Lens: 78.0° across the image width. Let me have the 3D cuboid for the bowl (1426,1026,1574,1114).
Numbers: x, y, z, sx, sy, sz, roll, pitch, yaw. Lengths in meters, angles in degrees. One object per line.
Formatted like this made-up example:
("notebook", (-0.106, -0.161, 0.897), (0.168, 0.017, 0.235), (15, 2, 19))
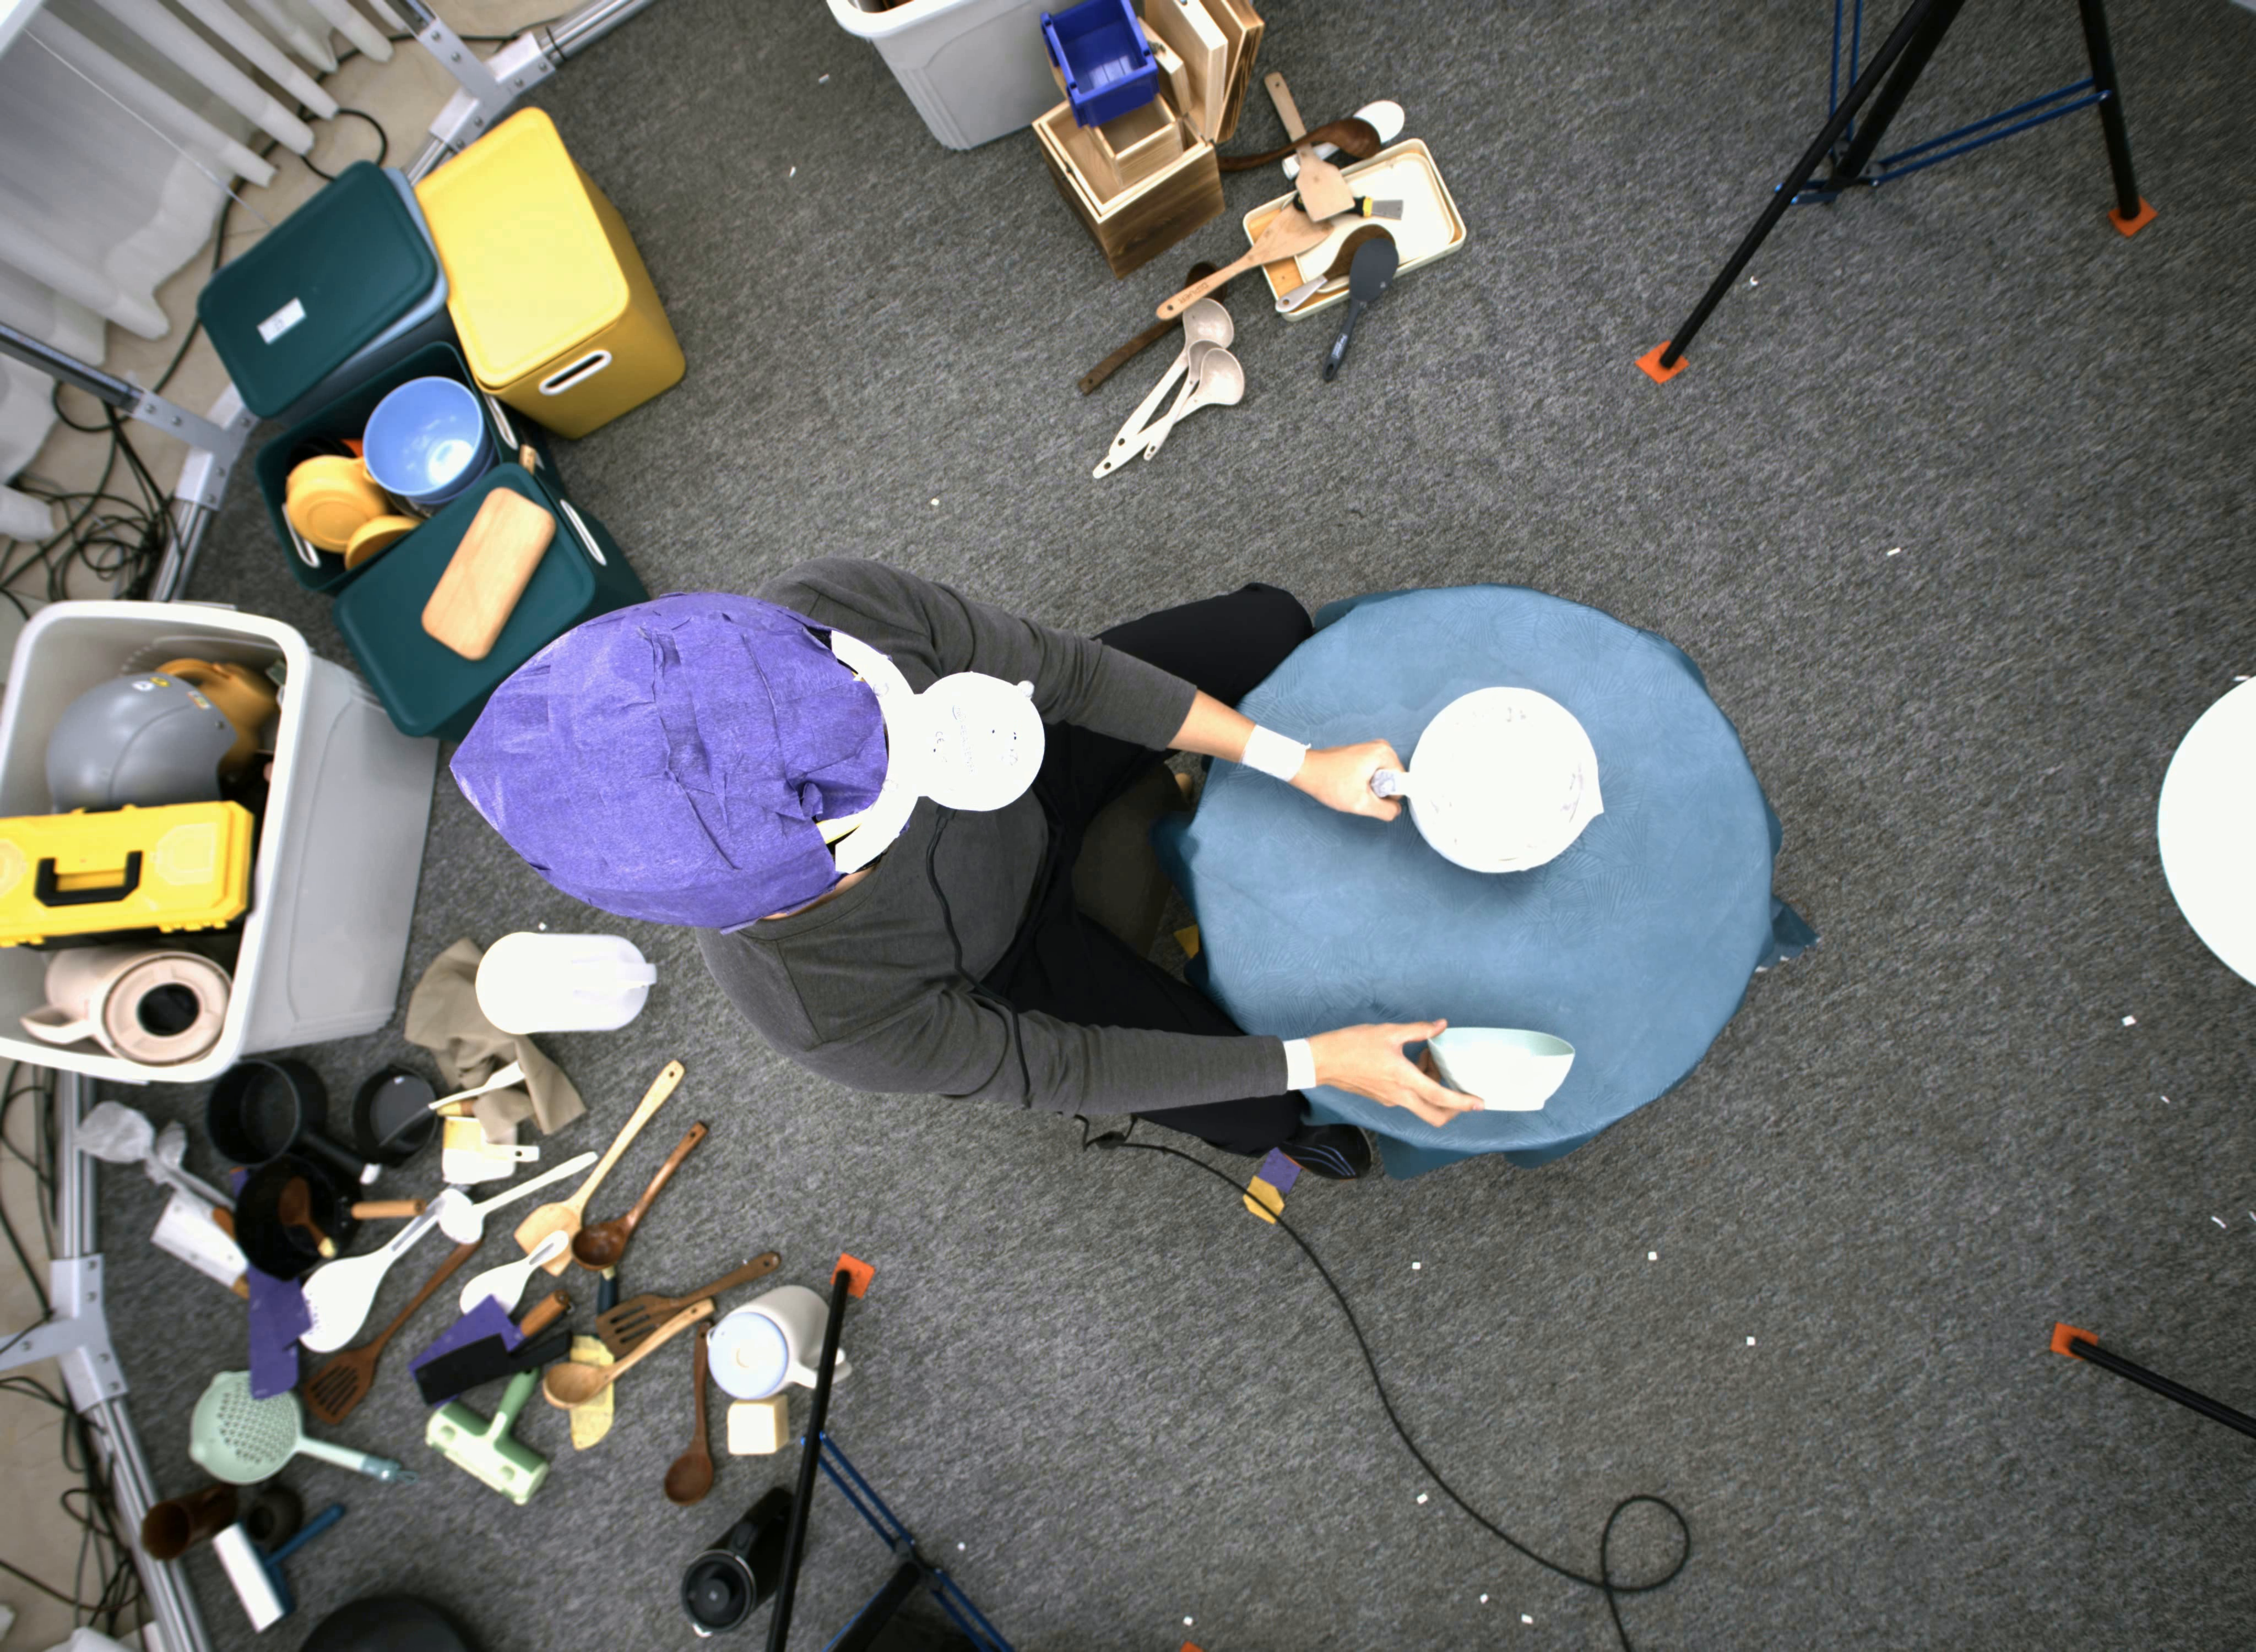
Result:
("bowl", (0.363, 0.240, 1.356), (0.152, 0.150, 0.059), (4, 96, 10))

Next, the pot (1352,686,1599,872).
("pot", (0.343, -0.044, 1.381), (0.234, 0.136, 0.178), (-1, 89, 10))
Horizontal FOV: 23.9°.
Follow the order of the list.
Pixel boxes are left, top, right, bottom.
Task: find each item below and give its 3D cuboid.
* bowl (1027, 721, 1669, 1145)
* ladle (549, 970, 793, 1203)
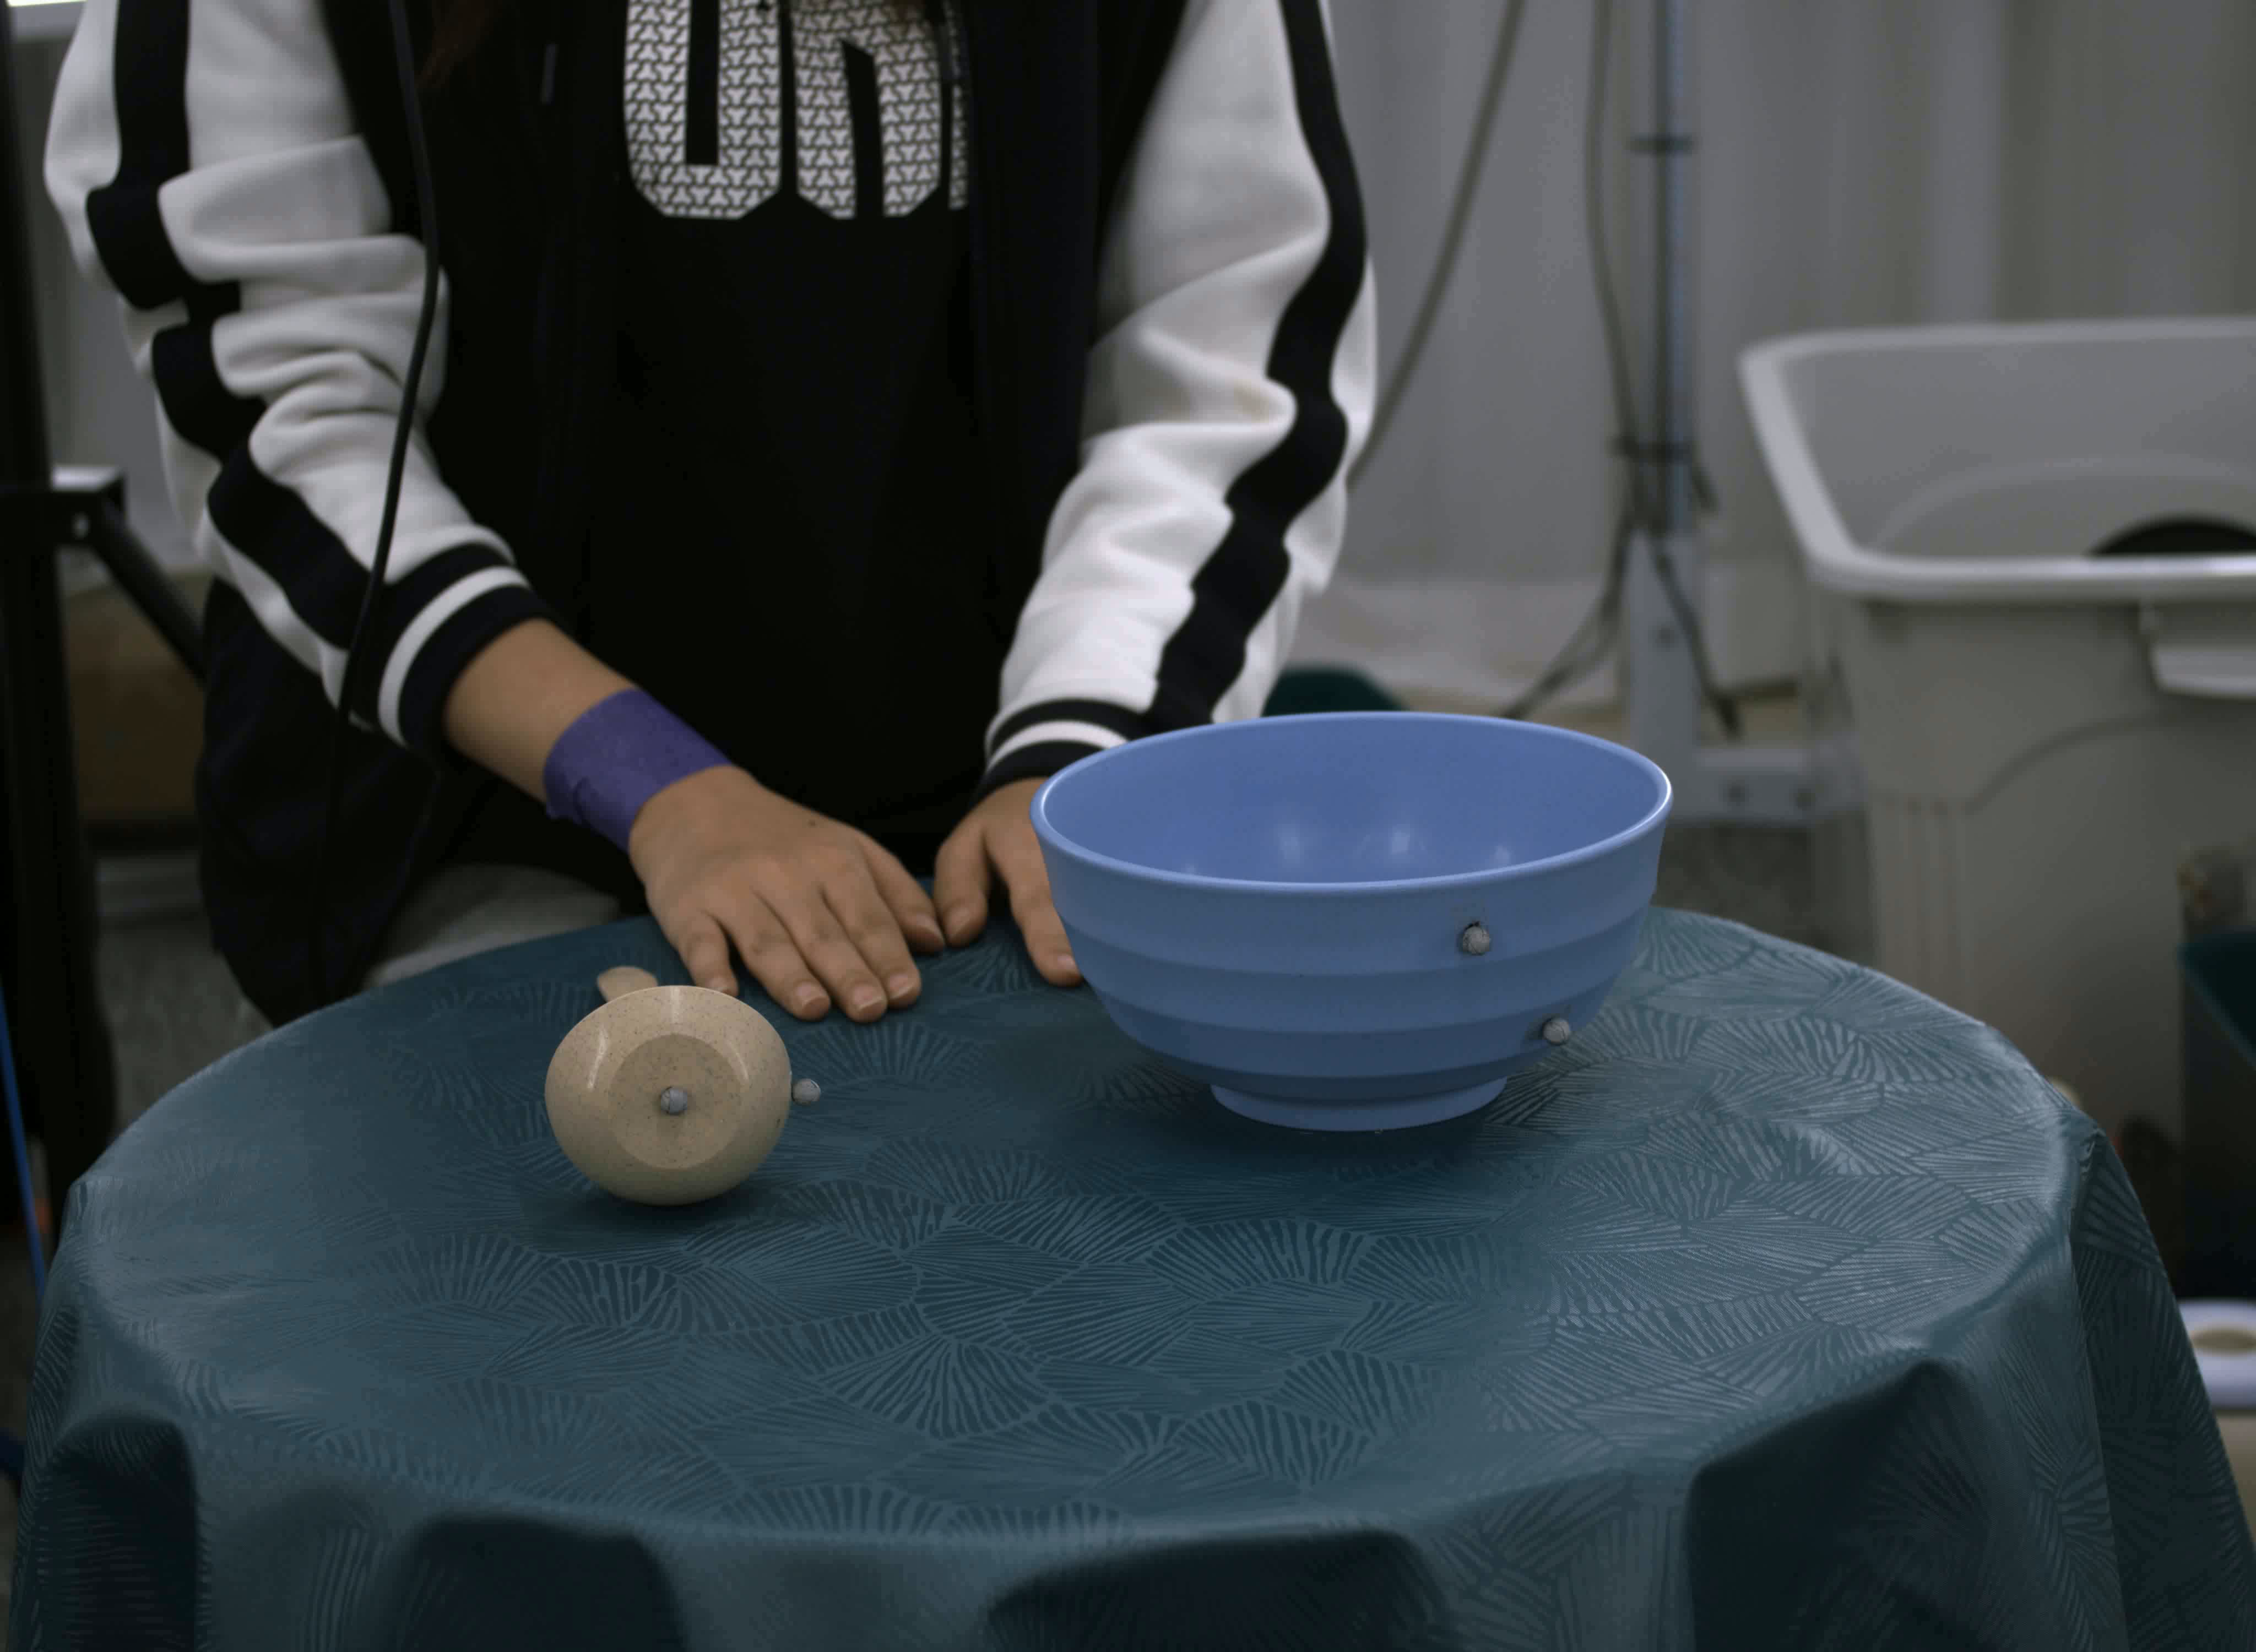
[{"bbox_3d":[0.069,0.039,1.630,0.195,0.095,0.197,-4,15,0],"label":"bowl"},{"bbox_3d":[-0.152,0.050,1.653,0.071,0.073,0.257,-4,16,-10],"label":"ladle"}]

::::::::::

## BRIEF
Your answer must be an exact copy of the lines from the start of the entries through the line with "Task: find each", with no pictures.

## ANSWER TO THIS EXERCISE
Lens: 78.0° across the image width. Let me have the 3D cuboid for the bowl (1426,1026,1574,1114).
Numbers: x, y, z, sx, sy, sz, roll, pitch, yaw. Lengths in meters, angles in degrees. One object per line.
Formatted like this made-up example:
("notebook", (-0.106, -0.161, 0.897), (0.168, 0.017, 0.235), (15, 2, 19))
Result:
("bowl", (0.363, 0.240, 1.356), (0.152, 0.150, 0.059), (4, 96, 10))

Next, the pot (1352,686,1599,872).
("pot", (0.343, -0.044, 1.381), (0.234, 0.136, 0.178), (-1, 89, 10))
Horizontal FOV: 23.9°.
Follow the order of the list.
Pixel boxes are left, top, right, bottom.
Task: find each item below and give its 3D cuboid.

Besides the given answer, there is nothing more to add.